Some comments on Subversion 21, especially 'Green Communism', the piece on Getting a Job and P's letter on the JSA.

The Green Communism article rightly stresses that science and technology are not some sort of independent force unrelated to the interests of classes and individuals in present society. This is the mistake technophobes such as Green Anarchist (who regard science and technology much as the medieval church regarded witchcraft) and some 'revolutionary' groups (who imagine that a communist society could extend all the trappings of consumerism to the entire world) are all prone to fall into.

If the writer is correct that "it is just not conceivable that a communist society could base its transport on the mass use of individual motor cars" then this has important implications for the strategy and even the feasibility of a revolutionary movement in the 'developed' world.

In the UK there are some 20 million private cars, or roughly 2 to every 5 people. To reach this level of car ownership for the entire world would mean roughly quadrupling the present car 'population' (and roads and all the associated infrastructure). This is just not on under any economic system. Even if the resources were available the eco-system could never handle the resulting pollution.

This means that in the 'developed' world revolutionaries have a problem that few seem willing to face up to. The price of a communist utopia is, among other things, giving up the private car. Frankly, I can't see many car addicts being willing to pay this price. Since they and their dependents form a majority in the rich nations, this alone seems a massive obstacle to revolutionary movements in these countries. If we're going to be honest with the punters let's throw in the fact that they'll be lucky to have meat more than once a week and a foreign holiday once a decade or a life-time.

We are getting into the murky area of who is middle class and who is working class. What causes endless confusion here is the insistence that someone's class label be defined by their relationship to the means of production, i.e. what sort of job they do, if any. Most 'revolutionaries' think that anyone who is not in some kind of authority over others is part of the working class and hence potential revolutionary material. This leads some to feel that a landless third world peasant has the same class interests as a highly paid technician or salesman in the rich world. People work to live, not live to work. What matters to people themselves is their relationship to the means of consumption i.e. how much money they can get hold of. Anyone with a material standard of living which could not be extended to the whole of humanity under any circumstances is best defined as middle class, if they are not actually capitalists or powerful politicians.

This focus on consumption makes much more sense of the world as it actually is than the writer in no.21 who imagines that there are "key" sections of the "working class" able to "hold the country to ransom" and that revolutionaries can pick and choose their jobs so that they might concentrate in these sectors. Speaking as one of P's "unemployed proletarians", I would be only too happy to take a "cushy, well-paid, middle class job" if such were available to me, rather than "idling comfortably" on JSA at £47.90.

In fact the idea of the working class in countries like the UK is a delusion.

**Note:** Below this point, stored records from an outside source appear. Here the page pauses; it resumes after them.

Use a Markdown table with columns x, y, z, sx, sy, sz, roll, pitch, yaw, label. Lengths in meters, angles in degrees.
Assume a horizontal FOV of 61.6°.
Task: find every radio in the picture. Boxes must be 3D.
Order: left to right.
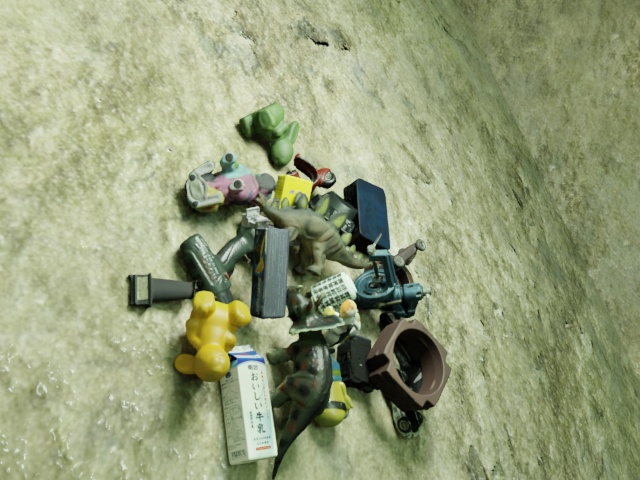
| x | y | z | sx | sy | sz | roll | pitch | yaw | label |
| --- | --- | --- | --- | --- | --- | --- | --- | --- | --- |
| 0.143 | -0.071 | 1.658 | 0.131 | 0.073 | 0.230 | 22 | 51 | -33 | radio |

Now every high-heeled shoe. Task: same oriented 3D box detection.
| x | y | z | sx | sy | sz | roll | pitch | yaw | label |
| --- | --- | --- | --- | --- | --- | --- | --- | --- | --- |
| 0.229 | 0.318 | 1.501 | 0.145 | 0.086 | 0.249 | 24 | 48 | -27 | high-heeled shoe |

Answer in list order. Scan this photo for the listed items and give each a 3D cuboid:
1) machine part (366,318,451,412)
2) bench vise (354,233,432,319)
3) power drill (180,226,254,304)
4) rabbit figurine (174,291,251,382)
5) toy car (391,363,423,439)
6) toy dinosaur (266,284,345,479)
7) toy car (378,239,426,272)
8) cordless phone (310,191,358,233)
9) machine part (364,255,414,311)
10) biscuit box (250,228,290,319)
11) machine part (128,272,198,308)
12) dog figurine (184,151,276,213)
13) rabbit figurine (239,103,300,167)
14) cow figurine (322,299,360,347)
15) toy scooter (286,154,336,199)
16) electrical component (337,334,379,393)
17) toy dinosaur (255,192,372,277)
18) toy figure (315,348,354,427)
| x | y | z | sx | sy | sz | roll | pitch | yaw | label |
| --- | --- | --- | --- | --- | --- | --- | --- | --- | --- |
| 0.230 | 0.323 | 1.390 | 0.201 | 0.087 | 0.201 | 46 | 49 | -6 | machine part |
| 0.182 | 0.110 | 1.442 | 0.129 | 0.224 | 0.240 | -64 | 145 | -47 | bench vise |
| -0.205 | 0.072 | 1.241 | 0.207 | 0.086 | 0.232 | -38 | 94 | -42 | power drill |
| -0.224 | 0.210 | 1.069 | 0.121 | 0.162 | 0.173 | 27 | 28 | -32 | rabbit figurine |
| 0.216 | 0.428 | 1.436 | 0.073 | 0.056 | 0.201 | -2 | 69 | -51 | toy car |
| -0.029 | 0.297 | 1.178 | 0.131 | 0.192 | 0.405 | 20 | 52 | -32 | toy dinosaur |
| 0.241 | 0.055 | 1.578 | 0.202 | 0.089 | 0.053 | -27 | 84 | -48 | toy car |
| 0.021 | -0.033 | 1.527 | 0.146 | 0.089 | 0.184 | 37 | 57 | -23 | cordless phone |
| 0.204 | 0.127 | 1.607 | 0.179 | 0.056 | 0.179 | 22 | 53 | -32 | machine part |
| -0.113 | 0.075 | 1.204 | 0.063 | 0.059 | 0.202 | 4 | 88 | -34 | biscuit box |
| -0.325 | 0.104 | 1.118 | 0.139 | 0.039 | 0.084 | 1 | 57 | -27 | machine part |
| -0.212 | -0.120 | 1.332 | 0.108 | 0.192 | 0.219 | 67 | 8 | 15 | dog figurine |
| -0.130 | -0.293 | 1.525 | 0.159 | 0.121 | 0.170 | -49 | 121 | -55 | rabbit figurine |
| 0.049 | 0.210 | 1.323 | 0.098 | 0.167 | 0.068 | 30 | 43 | -26 | cow figurine |
| -0.055 | -0.172 | 1.509 | 0.184 | 0.075 | 0.135 | -36 | 80 | -26 | toy scooter |
| 0.102 | 0.317 | 1.393 | 0.115 | 0.058 | 0.134 | 25 | 51 | -34 | electrical component |
| -0.003 | -0.004 | 1.387 | 0.470 | 0.105 | 0.198 | 40 | 71 | -41 | toy dinosaur |
| 0.013 | 0.348 | 1.272 | 0.089 | 0.082 | 0.180 | 0 | 70 | -32 | toy figure |
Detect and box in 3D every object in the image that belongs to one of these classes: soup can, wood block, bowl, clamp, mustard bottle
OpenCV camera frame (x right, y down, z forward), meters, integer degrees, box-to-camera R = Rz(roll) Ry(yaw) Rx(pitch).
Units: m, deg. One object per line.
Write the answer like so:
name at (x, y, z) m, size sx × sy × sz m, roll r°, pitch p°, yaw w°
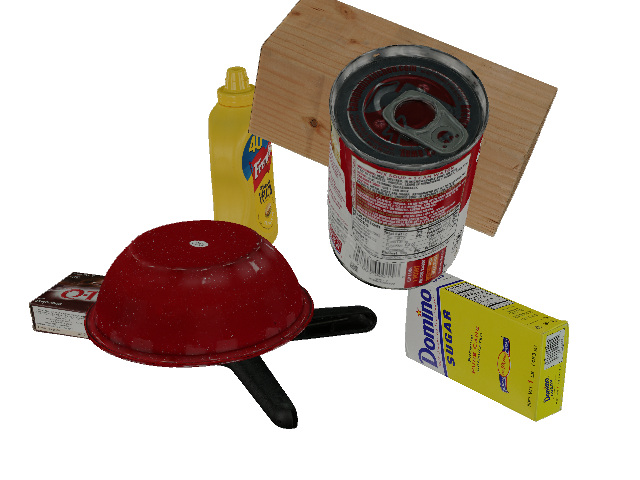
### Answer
soup can at (0.037, -0.030, 0.491) m, size 0.068 × 0.068 × 0.102 m, roll 0°, pitch -33°, yaw 0°
wood block at (0.060, -0.098, 0.810) m, size 0.206 × 0.091 × 0.090 m, roll 24°, pitch 48°, yaw 10°
bowl at (-0.085, 0.027, 0.743) m, size 0.162 × 0.055 × 0.162 m, roll -1°, pitch 22°, yaw 0°
clamp at (-0.064, 0.081, 0.948) m, size 0.210 × 0.036 × 0.164 m, roll 20°, pitch 36°, yaw 28°
mustard bottle at (-0.080, -0.083, 1.091) m, size 0.058 × 0.192 × 0.096 m, roll 7°, pitch 27°, yaw 19°

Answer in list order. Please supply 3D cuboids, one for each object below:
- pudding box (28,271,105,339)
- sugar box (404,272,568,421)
pudding box at (-0.242, 0.072, 1.153) m, size 0.114 × 0.039 × 0.090 m, roll 4°, pitch 21°, yaw 19°
sugar box at (0.156, 0.097, 1.038) m, size 0.048 × 0.093 × 0.176 m, roll -15°, pitch 24°, yaw -39°

Most people in the 'developed' world are middle class. Materially privileged compared to the impoverished majority of humanity, they have a vested interest in preserving the system that delivers these privileges (while they last anyway).

But there is a large, expanding 'underclass' (long-term unemployed, low-paid, most pensioners, single parents etc.) who have no material stake in the system. Our interest is in extracting as much as possible from the rest of society. Yes, they do owe us a living, because they debar us, by various means, from making our own.

Unlike the 'powerful sectors' (who seem to have had a run of hard luck recently) we have little or no labour to withdraw so we must find other methods of struggle which cannot be discussed here for obvious reasons.

Many will feel that this analysis is pessimistic, 'counter-revolutionary', 'capitalist propaganda' etc. It may be all those things but if we look at the real world, from the attitudes and actions of the people we know to the world-wide political scene and recent history, it explains the fact that no revolutionary movement has achieved anything like a mass following in recent years in the rich nations, and will at least help to avoid idiocies like believing that a JSA claimant can have a common class interest with their middle class interrogator on £11-14,000 a year (plus bonuses for stopping giros).

In conclusion I think that any effective revolutionary movement in the 'developed' world must forget this fantasy of the 'working class' and concentrate on working with the 'underclass', whose grievances can only be addressed at the expense of the middle class, pro-capitalist majority. This is why struggles like anti-JSA are important.